Records from a dataset
★ ★ ★

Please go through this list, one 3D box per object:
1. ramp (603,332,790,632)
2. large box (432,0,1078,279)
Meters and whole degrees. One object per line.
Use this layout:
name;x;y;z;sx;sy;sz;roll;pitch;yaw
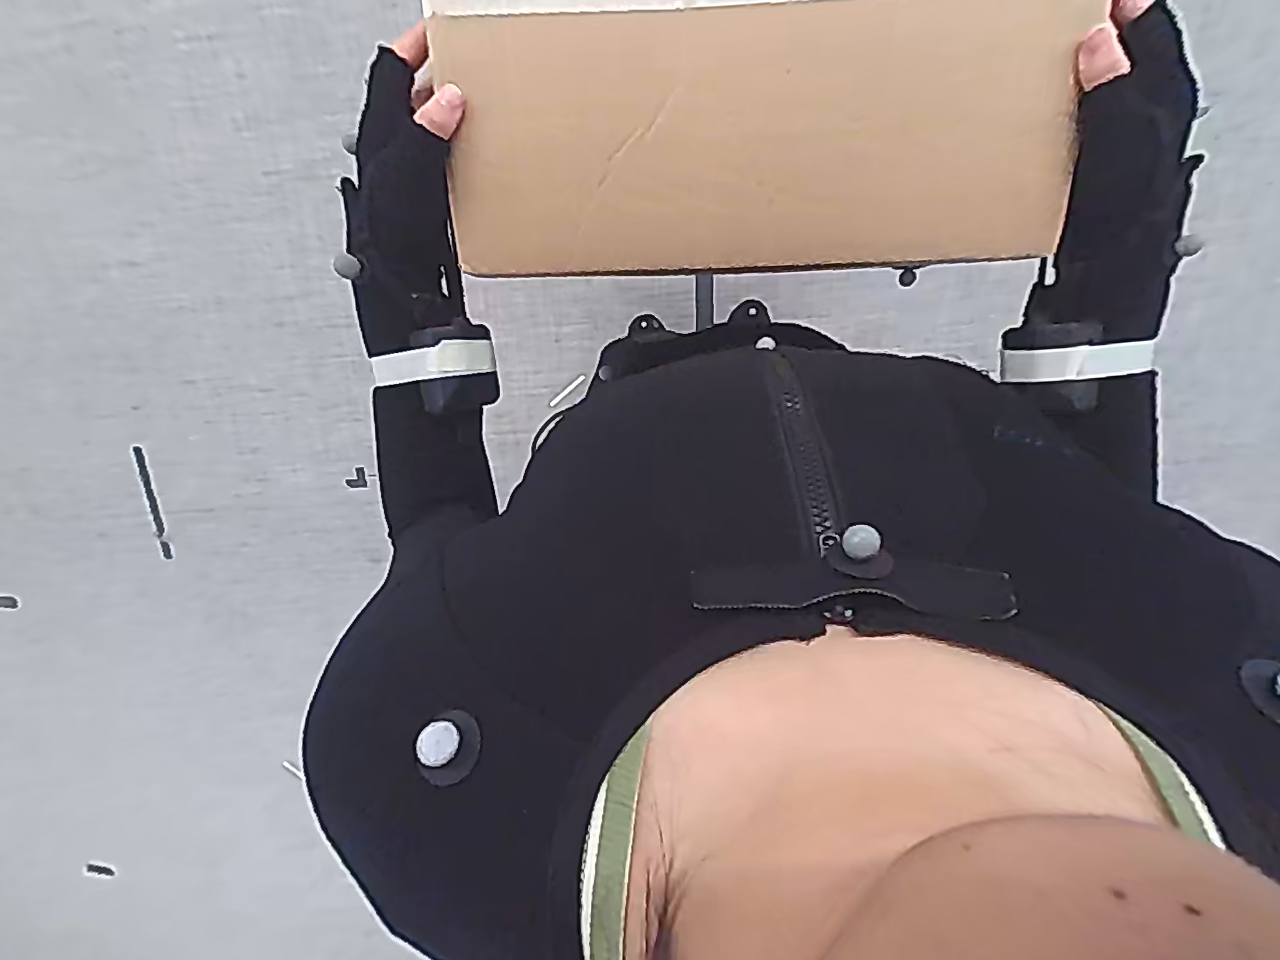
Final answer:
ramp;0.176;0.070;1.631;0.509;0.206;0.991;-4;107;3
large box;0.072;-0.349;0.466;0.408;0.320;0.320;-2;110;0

★ ★ ★

* [Task directions]:
Please copy the lines above, starting at the one that holds "Meters and whole" and stopping after the last line, exactly as they appear and minus the pictures.

* [Answer to this task]:
Meters and whole degrees. One object per line.
Use this layout:
name;x;y;z;sx;sy;sz;roll;pitch;yaw
Final answer:
ramp;0.176;0.070;1.631;0.509;0.206;0.991;-4;107;3
large box;0.072;-0.349;0.466;0.408;0.320;0.320;-2;110;0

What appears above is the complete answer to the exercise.